In 2019 disability advocacy organizations across America celebrated the twenty-year anniversary of the Supreme Court decision that Lois, Elaine, and Sue had initiated. A slogan was adopted in their honor: “I am Olmstead!” A strand of StoryCorp recordings exists of people who have been impacted and saved by the landmark court case, with video recordings and writings on the intersection of civil and disability rights.21 And the Olmstead precedent was the partial basis for sheltered-workshop lawsuits in Oregon, Rhode Island, and elsewhere.

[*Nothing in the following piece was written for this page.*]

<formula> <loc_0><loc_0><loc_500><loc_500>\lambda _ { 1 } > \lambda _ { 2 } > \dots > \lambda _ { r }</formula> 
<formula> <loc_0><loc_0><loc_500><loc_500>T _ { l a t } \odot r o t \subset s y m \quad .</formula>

It’s instructive to look at the work of advocates for ending sheltered work and subminimum wages before Olmstead (1999) and even before the ADA (1990). Like other civil-rights movements, this is not a narrative arc that starts and ends with legislation, court decisions, or class action lawsuits; instead, it is a mixture of those elements with a specific person’s devotion to justice and fair treatment, often at their own personal and professional risk. For a full picture of the ongoing battle to end subminimum wages, we need to consider those who read and learned from Burton Blatt, Wolf Wolfensberger, and others, and who believed that people with disabilities, specifically those considered intellectually and developmentally disabled, could learn. Recall Blatt’s research and writings regarding those stored away in institutions as being “educable and trainable.” In a very real sense, the early adopters of these sets of beliefs were on a track toward a head-on collision with the parties that believed people with disabilities needed special places to live and work, including special wage provisions. Those entities would enshrine their efforts to keep people segregated and exploited in supposed benevolence, while there was plenty of money involved. What would happen to the disability industrial complex if it was discovered that subminimum wages were the linchpin that held together a faulty and dangerous set of practices?